**What to produce**
Please report how many lines below contain "volgende", writing nothing except the number.

**Records provided**
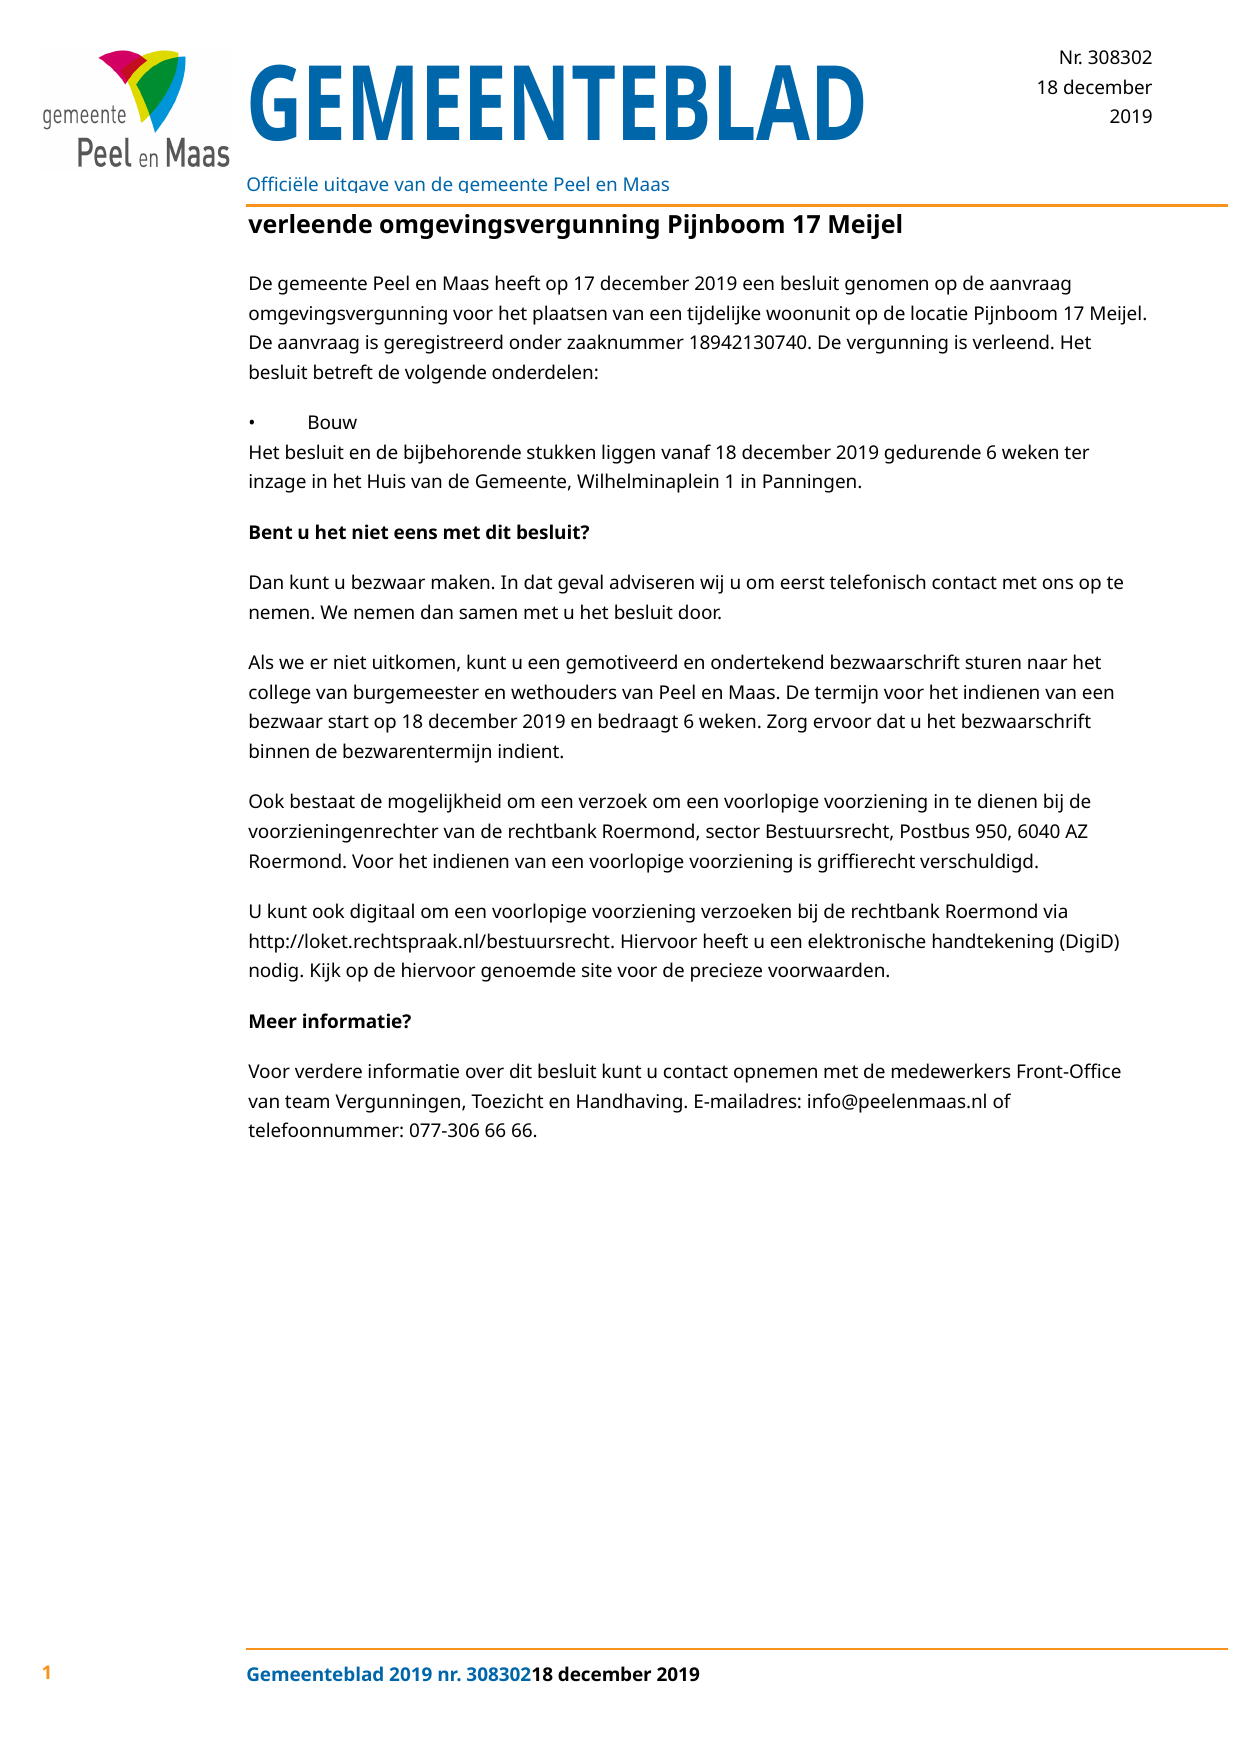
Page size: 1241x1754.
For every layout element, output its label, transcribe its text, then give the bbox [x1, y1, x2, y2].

text Het besluit en de bijbehorende stukken liggen vanaf 18 december 2019 gedurende 6 weken ter inzage in het Huis van de Gemeente, Wilhelminaplein 1 in Panningen. [248, 439, 1152, 494]
picture [41, 47, 231, 172]
text Meer informatie? [248, 1008, 1152, 1033]
list Bouw [248, 409, 1152, 435]
text Ook bestaat de mogelijkheid om een verzoek om een voorlopige voorziening in te dienen bij de voorzieningenrechter van de rechtbank Roermond, sector Bestuursrecht, Postbus 950, 6040 AZ Roermond. Voor het indienen van een voorlopige voorziening is griffierecht verschuldigd. [248, 789, 1152, 873]
text Dan kunt u bezwaar maken. In dat geval adviseren wij u om eerst telefonisch contact met ons op te nemen. We nemen dan samen met u het besluit door. [248, 569, 1152, 625]
text Voor verdere informatie over dit besluit kunt u contact opnemen met de medewerkers Front-Office van team Vergunningen, Toezicht en Handhaving. E-mailadres: info@peelenmaas.nl of telefoonnummer: 077-306 66 66. [248, 1058, 1152, 1143]
text Bent u het niet eens met dit besluit? [248, 519, 1152, 545]
text U kunt ook digitaal om een voorlopige voorziening verzoeken bij de rechtbank Roermond via http://loket.rechtspraak.nl/bestuursrecht. Hiervoor heeft u een elektronische handtekening (DigiD) nodig. Kijk op de hiervoor genoemde site voor de precieze voorwaarden. [248, 898, 1152, 983]
text Als we er niet uitkomen, kunt u een gemotiveerd en ondertekend bezwaarschrift sturen naar het college van burgemeester en wethouders van Peel en Maas. De termijn voor het indienen van een bezwaar start op 18 december 2019 en bedraagt 6 weken. Zorg ervoor dat u het bezwaarschrift binnen de bezwarentermijn indient. [248, 649, 1152, 764]
text verleende omgevingsvergunning Pijnboom 17 Meijel [248, 207, 1152, 241]
text De gemeente Peel en Maas heeft op 17 december 2019 een besluit genomen op de aanvraag omgevingsvergunning voor het plaatsen van een tijdelijke woonunit op de locatie Pijnboom 17 Meijel. De aanvraag is geregistreerd onder zaaknummer 18942130740. De vergunning is verleend. Het besluit betreft de volgende onderdelen: [248, 270, 1152, 385]
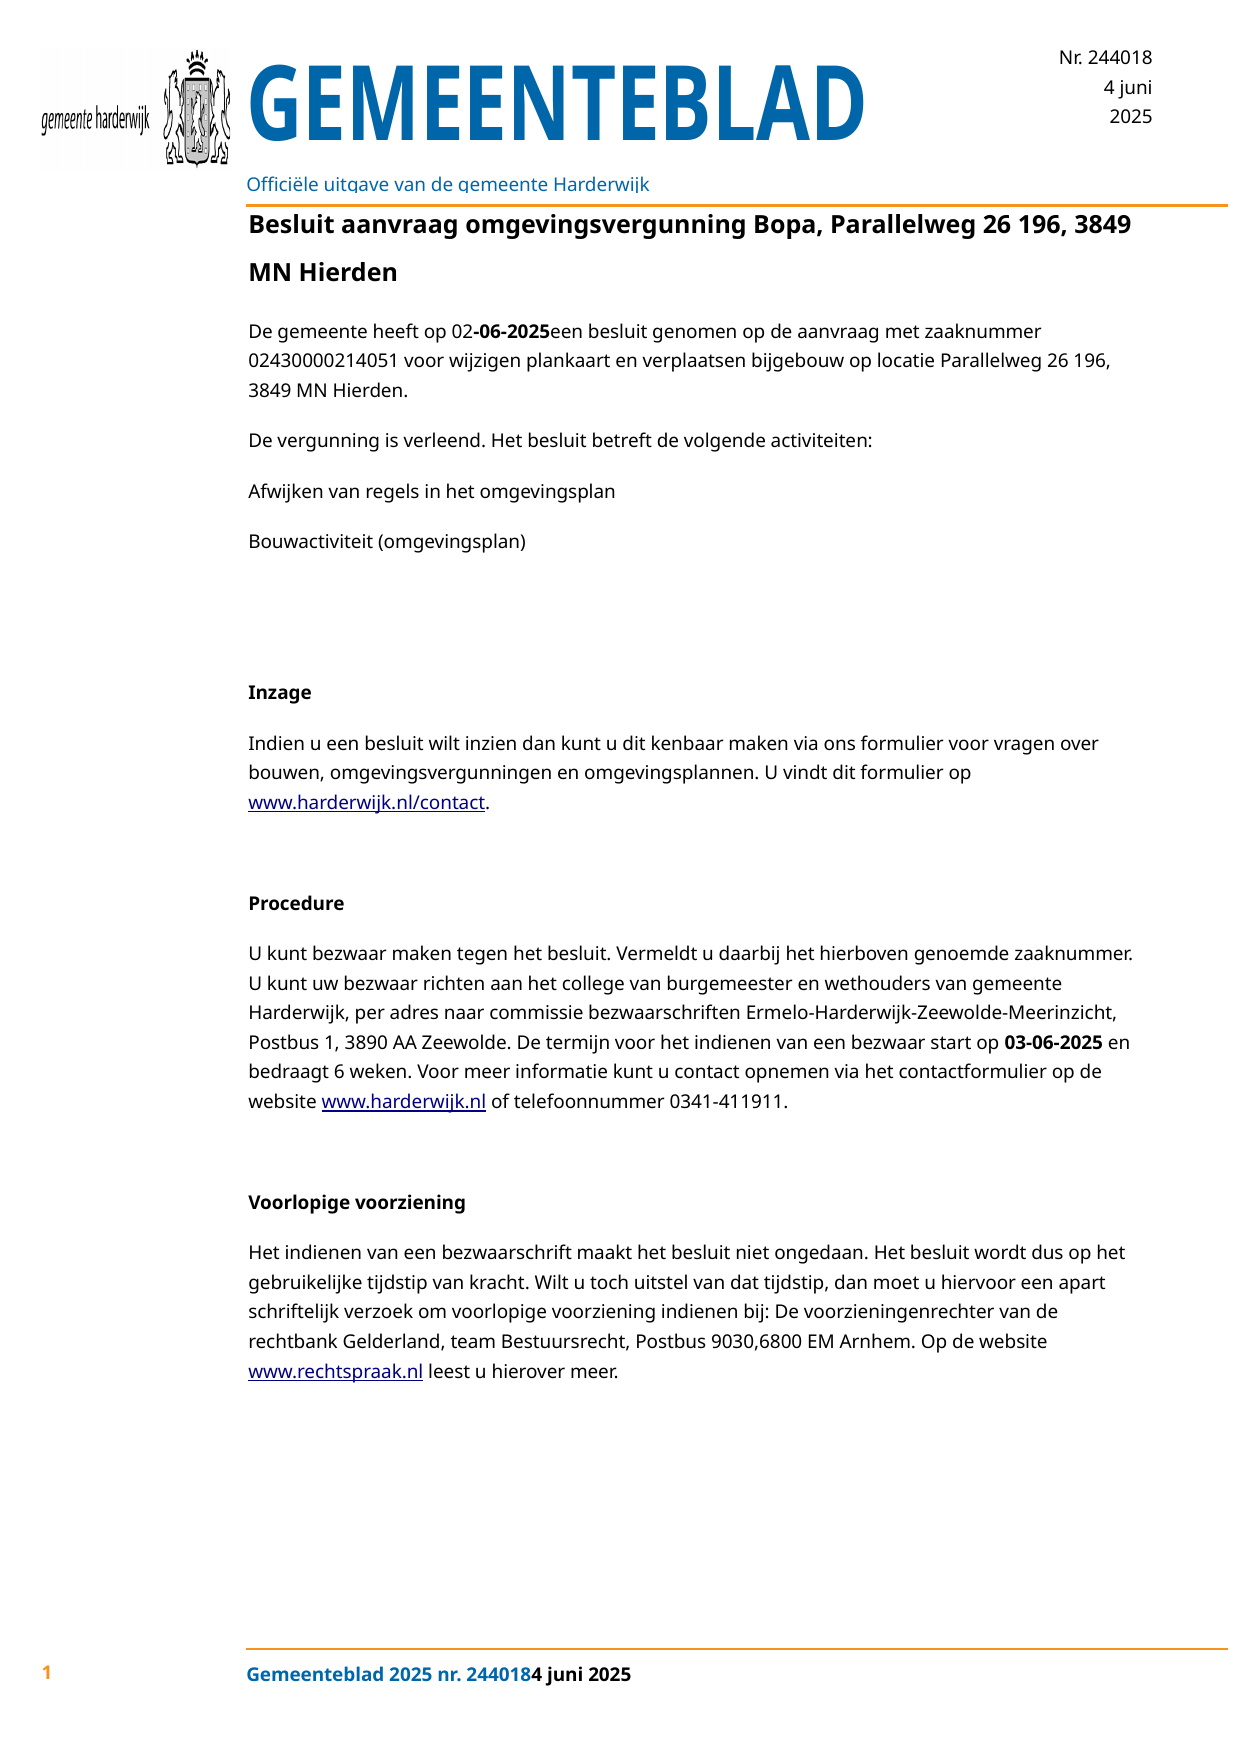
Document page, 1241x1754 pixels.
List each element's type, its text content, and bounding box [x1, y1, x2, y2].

text Besluit aanvraag omgevingsvergunning Bopa, Parallelweg 26 196, 3849 MN Hierden [248, 207, 1152, 288]
text De vergunning is verleend. Het besluit betreft de volgende activiteiten: [248, 427, 1152, 453]
text U kunt bezwaar maken tegen het besluit. Vermeldt u daarbij het hierboven genoemde zaaknummer. U kunt uw bezwaar richten aan het college van burgemeester en wethouders van gemeente Harderwijk, per adres naar commissie bezwaarschriften Ermelo-Harderwijk-Zeewolde-Meerinzicht, Postbus 1, 3890 AA Zeewolde. De termijn voor het indienen van een bezwaar start op 03-06-2025 en bedraagt 6 weken. Voor meer informatie kunt u contact opnemen via het contactformulier op de website www.harderwijk.nl of telefoonnummer 0341-411911. [248, 940, 1152, 1114]
text Indien u een besluit wilt inzien dan kunt u dit kenbaar maken via ons formulier voor vragen over bouwen, omgevingsvergunningen en omgevingsplannen. U vindt dit formulier op www.harderwijk.nl/contact. [248, 730, 1152, 815]
text Inzage [248, 679, 1152, 705]
picture [41, 47, 231, 172]
text De gemeente heeft op 02-06-2025een besluit genomen op de aanvraag met zaaknummer 02430000214051 voor wijzigen plankaart en verplaatsen bijgebouw op locatie Parallelweg 26 196, 3849 MN Hierden. [248, 318, 1152, 403]
text Afwijken van regels in het omgevingsplan [248, 478, 1152, 504]
text Het indienen van een bezwaarschrift maakt het besluit niet ongedaan. Het besluit wordt dus op het gebruikelijke tijdstip van kracht. Wilt u toch uitstel van dat tijdstip, dan moet u hiervoor een apart schriftelijk verzoek om voorlopige voorziening indienen bij: De voorzieningenrechter van de rechtbank Gelderland, team Bestuursrecht, Postbus 9030,6800 EM Arnhem. Op de website www.rechtspraak.nl leest u hierover meer. [248, 1239, 1152, 1384]
text Bouwactiviteit (omgevingsplan) [248, 528, 1152, 554]
text Procedure [248, 890, 1152, 916]
text Voorlopige voorziening [248, 1189, 1152, 1215]
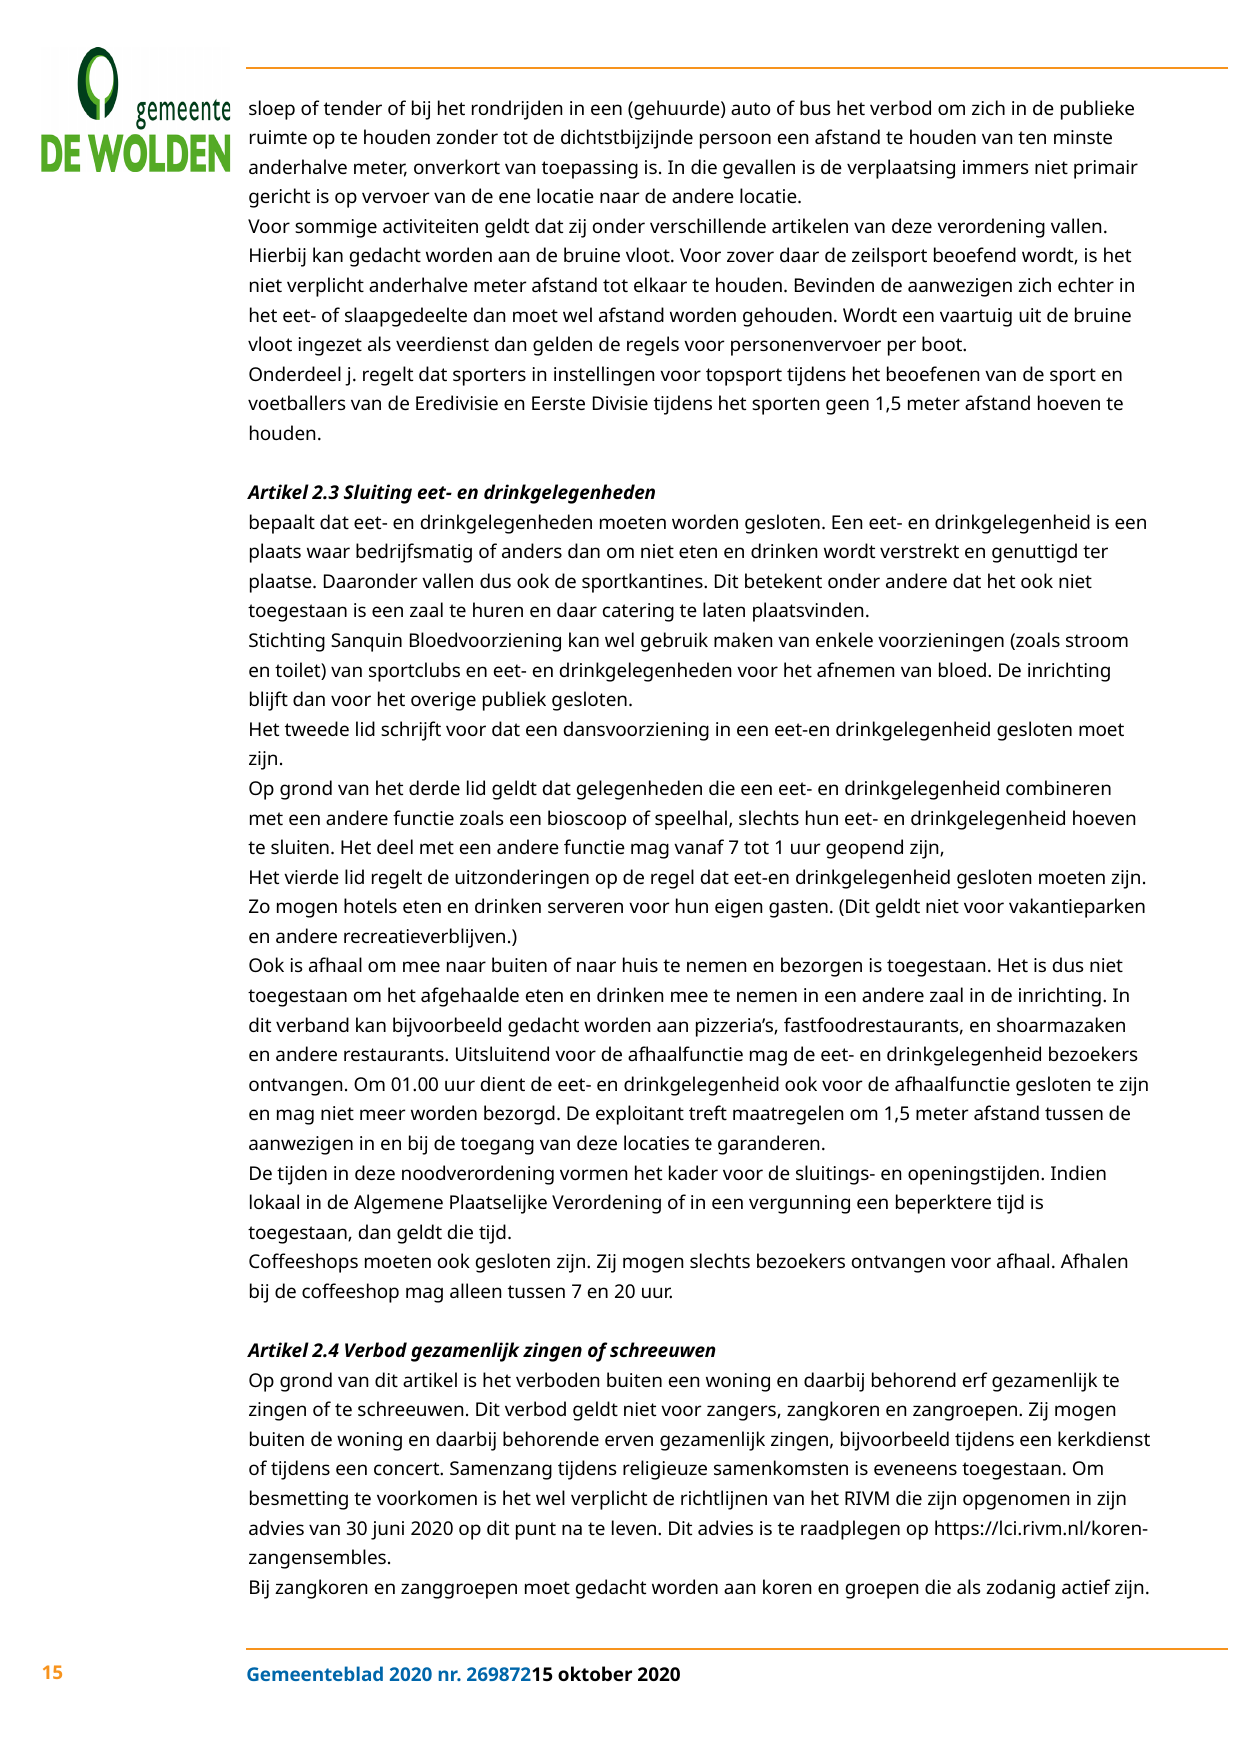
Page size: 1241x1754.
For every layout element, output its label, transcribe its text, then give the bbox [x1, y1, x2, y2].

text Ook is afhaal om mee naar buiten of naar huis te nemen en bezorgen is toegestaan. Het is dus niet toegestaan om het afgehaalde eten en drinken mee te nemen in een andere zaal in de inrichting. In dit verband kan bijvoorbeeld gedacht worden aan pizzeria’s, fastfoodrestaurants, en shoarmazaken en andere restaurants. Uitsluitend voor de afhaalfunctie mag de eet- en drinkgelegenheid bezoekers ontvangen. Om 01.00 uur dient de eet- en drinkgelegenheid ook voor de afhaalfunctie gesloten te zijn en mag niet meer worden bezorgd. De exploitant treft maatregelen om 1,5 meter afstand tussen de aanwezigen in en bij de toegang van deze locaties te garanderen. [248, 953, 1152, 1156]
text Onderdeel j. regelt dat sporters in instellingen voor topsport tijdens het beoefenen van de sport en voetballers van de Eredivisie en Eerste Divisie tijdens het sporten geen 1,5 meter afstand hoeven te houden. [248, 361, 1152, 446]
text Coffeeshops moeten ook gesloten zijn. Zij mogen slechts bezoekers ontvangen voor afhaal. Afhalen bij de coffeeshop mag alleen tussen 7 en 20 uur. [248, 1248, 1152, 1304]
text Voor sommige activiteiten geldt dat zij onder verschillende artikelen van deze verordening vallen. Hierbij kan gedacht worden aan de bruine vloot. Voor zover daar de zeilsport beoefend wordt, is het niet verplicht anderhalve meter afstand tot elkaar te houden. Bevinden de aanwezigen zich echter in het eet- of slaapgedeelte dan moet wel afstand worden gehouden. Wordt een vaartuig uit de bruine vloot ingezet als veerdienst dan gelden de regels voor personenvervoer per boot. [248, 213, 1152, 357]
text Het vierde lid regelt de uitzonderingen op de regel dat eet-en drinkgelegenheid gesloten moeten zijn. Zo mogen hotels eten en drinken serveren voor hun eigen gasten. (Dit geldt niet voor vakantieparken en andere recreatieverblijven.) [248, 864, 1152, 949]
text Artikel 2.4 Verbod gezamenlijk zingen of schreeuwen [248, 1337, 1152, 1363]
text Het tweede lid schrijft voor dat een dansvoorziening in een eet-en drinkgelegenheid gesloten moet zijn. [248, 716, 1152, 771]
text bepaalt dat eet- en drinkgelegenheden moeten worden gesloten. Een eet- en drinkgelegenheid is een plaats waar bedrijfsmatig of anders dan om niet eten en drinken wordt verstrekt en genuttigd ter plaatse. Daaronder vallen dus ook de sportkantines. Dit betekent onder andere dat het ook niet toegestaan is een zaal te huren en daar catering te laten plaatsvinden. [248, 509, 1152, 623]
text De tijden in deze noodverordening vormen het kader voor de sluitings- en openingstijden. Indien lokaal in de Algemene Plaatselijke Verordening of in een vergunning een beperktere tijd is toegestaan, dan geldt die tijd. [248, 1160, 1152, 1245]
text Op grond van dit artikel is het verboden buiten een woning en daarbij behorend erf gezamenlijk te zingen of te schreeuwen. Dit verbod geldt niet voor zangers, zangkoren en zangroepen. Zij mogen buiten de woning en daarbij behorende erven gezamenlijk zingen, bijvoorbeeld tijdens een kerkdienst of tijdens een concert. Samenzang tijdens religieuze samenkomsten is eveneens toegestaan. Om besmetting te voorkomen is het wel verplicht de richtlijnen van het RIVM die zijn opgenomen in zijn advies van 30 juni 2020 op dit punt na te leven. Dit advies is te raadplegen op https://lci.rivm.nl/koren-zangensembles. [248, 1367, 1152, 1570]
text Op grond van het derde lid geldt dat gelegenheden die een eet- en drinkgelegenheid combineren met een andere functie zoals een bioscoop of speelhal, slechts hun eet- en drinkgelegenheid hoeven te sluiten. Het deel met een andere functie mag vanaf 7 tot 1 uur geopend zijn, [248, 775, 1152, 860]
text sloep of tender of bij het rondrijden in een (gehuurde) auto of bus het verbod om zich in de publieke ruimte op te houden zonder tot de dichtstbijzijnde persoon een afstand te houden van ten minste anderhalve meter, onverkort van toepassing is. In die gevallen is de verplaatsing immers niet primair gericht is op vervoer van de ene locatie naar de andere locatie. [248, 95, 1152, 209]
picture [41, 47, 231, 172]
text Bij zangkoren en zanggroepen moet gedacht worden aan koren en groepen die als zodanig actief zijn. [248, 1574, 1152, 1600]
text Stichting Sanquin Bloedvoorziening kan wel gebruik maken van enkele voorzieningen (zoals stroom en toilet) van sportclubs en eet- en drinkgelegenheden voor het afnemen van bloed. De inrichting blijft dan voor het overige publiek gesloten. [248, 627, 1152, 712]
text Artikel 2.3 Sluiting eet- en drinkgelegenheden [248, 479, 1152, 505]

**Answer box**
2